I have sympathy for Scott Adams here.

Adventure games were just invented as a thing. He managed to be ahead of his time with plot and puzzle integration (The Count) and participatory comedy (Mystery Fun House). This is despite the fact it wasn’t at all clear what would work and what wouldn’t.

A lot of what he tried in Ghost Town didn’t work.

This was partly, as I mentioned earlier, due to the structure. There aren’t many geographic bottlenecks, and not a lot of ones having to do with items, either. Essentially, the whole game is open, and finding all the treasures is a matter of prodding at every location until the obscurities reveal themselves. This deflates the implicit plot tension which comes naturally to adventure games. Again, I can hardly assign blame here; the idea that the structure of gameplay itself is plot is still often overlooked by those studying narrative.

Also, the attempt at making a “hard game” ran into a system that was not robust enough to handle it. A good difficult puzzle often requires a responses to a large variety of different verbs and more textual feedback than the Scott Adams system could manage.
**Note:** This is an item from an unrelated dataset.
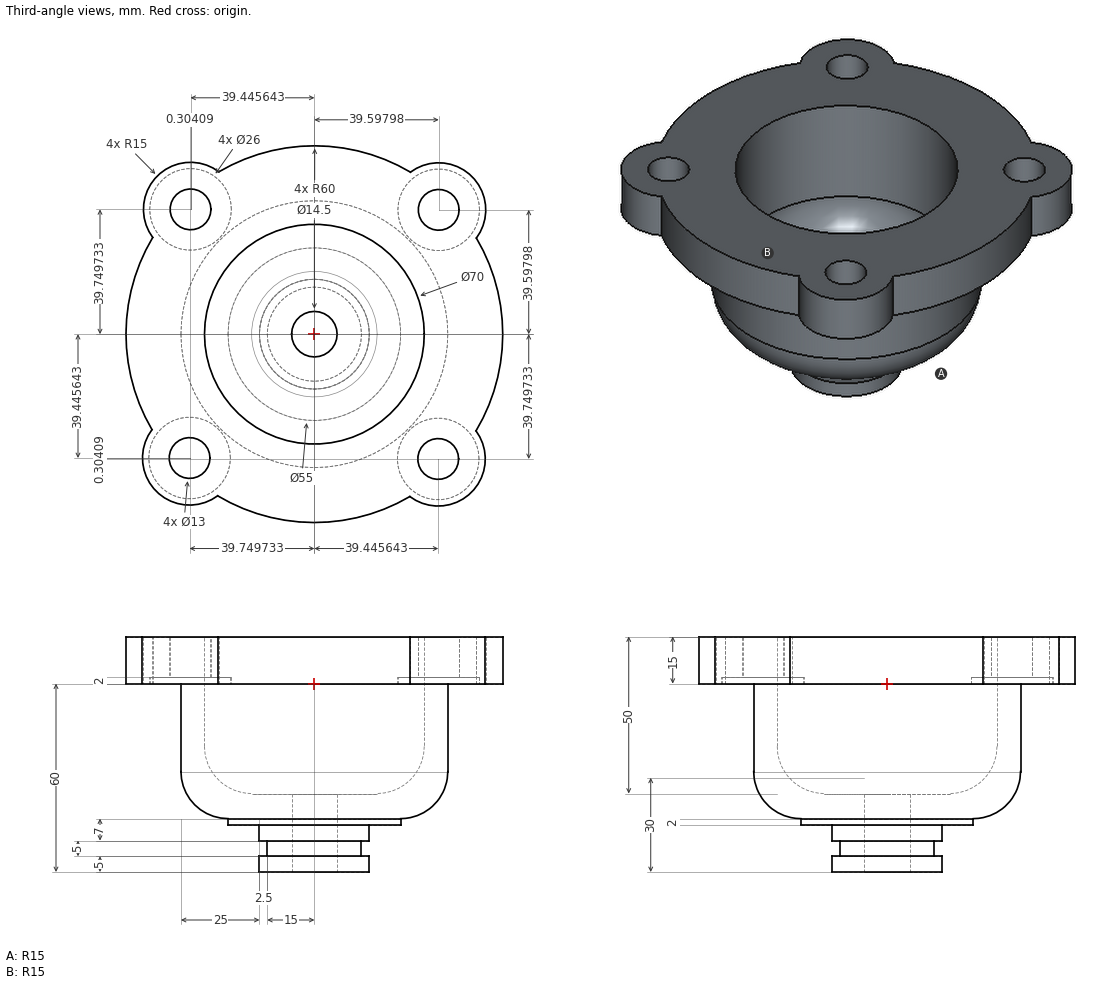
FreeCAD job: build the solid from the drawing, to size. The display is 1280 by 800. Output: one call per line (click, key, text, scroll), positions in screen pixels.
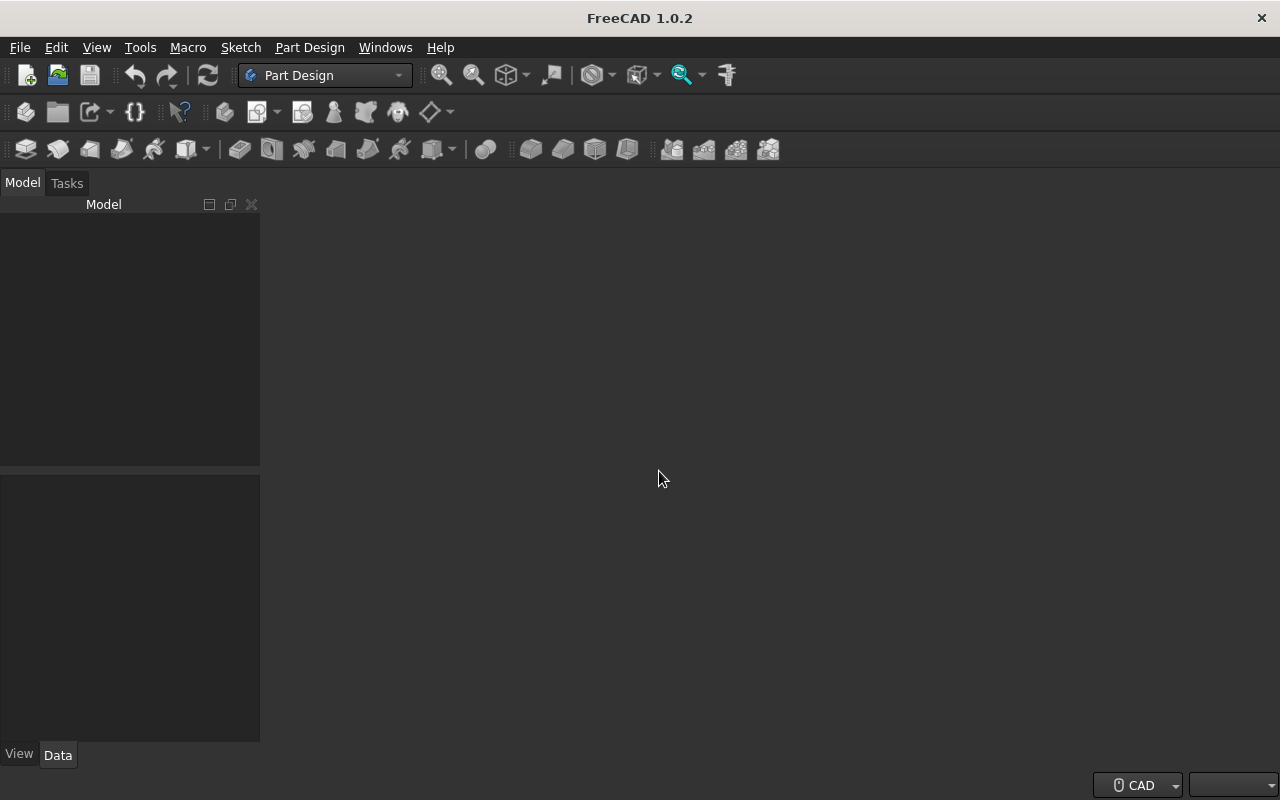
click(26, 76)
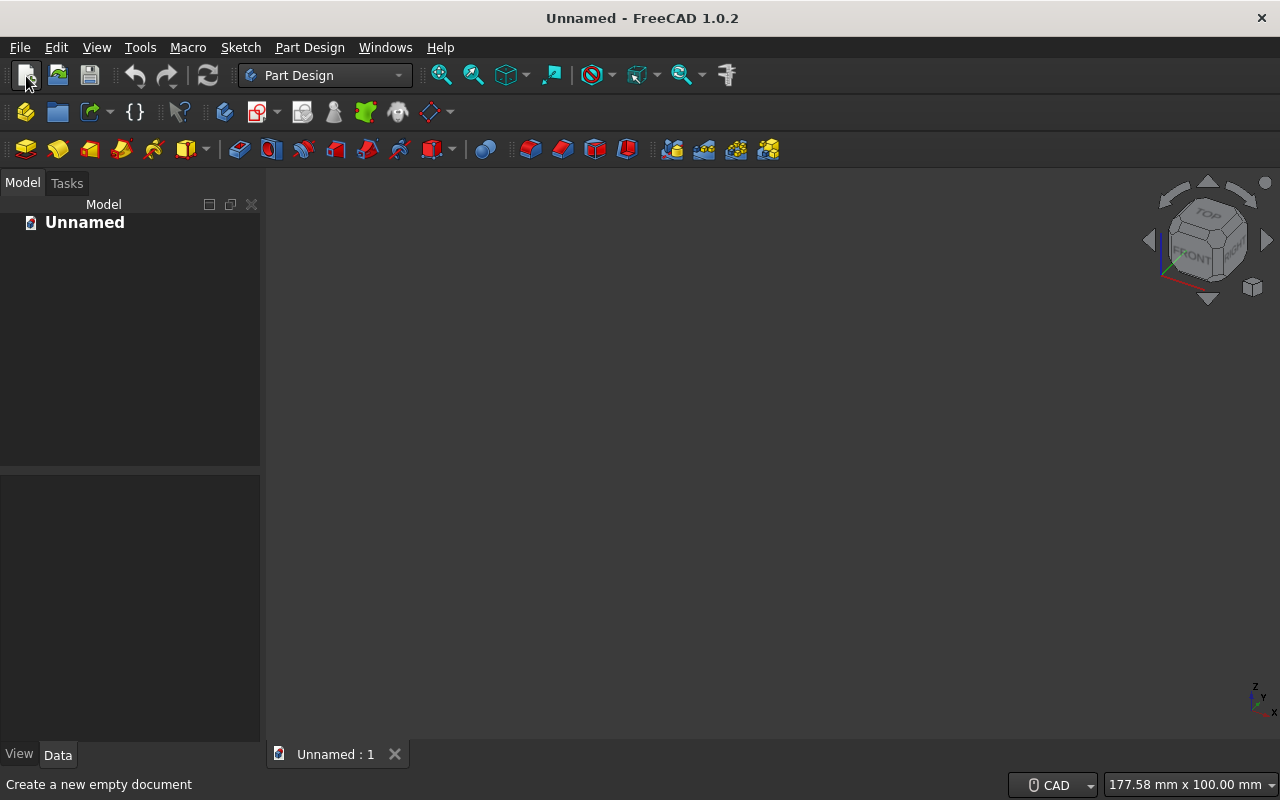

Finally, one of the puzzles was uniquely, breathtakingly bad. It was the last one I solved, so I’ll get to it last.

I. The Ghost Piano Player

I mentioned last time that in the saloon, there was a ghostly piano player that would ocasionally appears. Also, a voice would sometimes whisper “Vain…” I definitely tried to put the two things together, but I was thinking “vain” in terms of appearance; however, the word can apply to abilities as well.

Ghost stands, bows, vanishes!

The ghost leaves behind a map, which hints at the location of a gold nugget.

I’ll have to give props for this one – the hint ended up being reasonable, and the only two plausible synonyms (APPLAUD and CLAP) both work. I got stuck mainly because I got hung up on a particular definition of “vain”. (This is also another one of those scenarios where only the parser works for the puzzle.)

Having said all that, this puzzle turns out to be entirely optional for walkthrough purposes – the hint off the map you get can just be used outright without interacting with the piano player at all.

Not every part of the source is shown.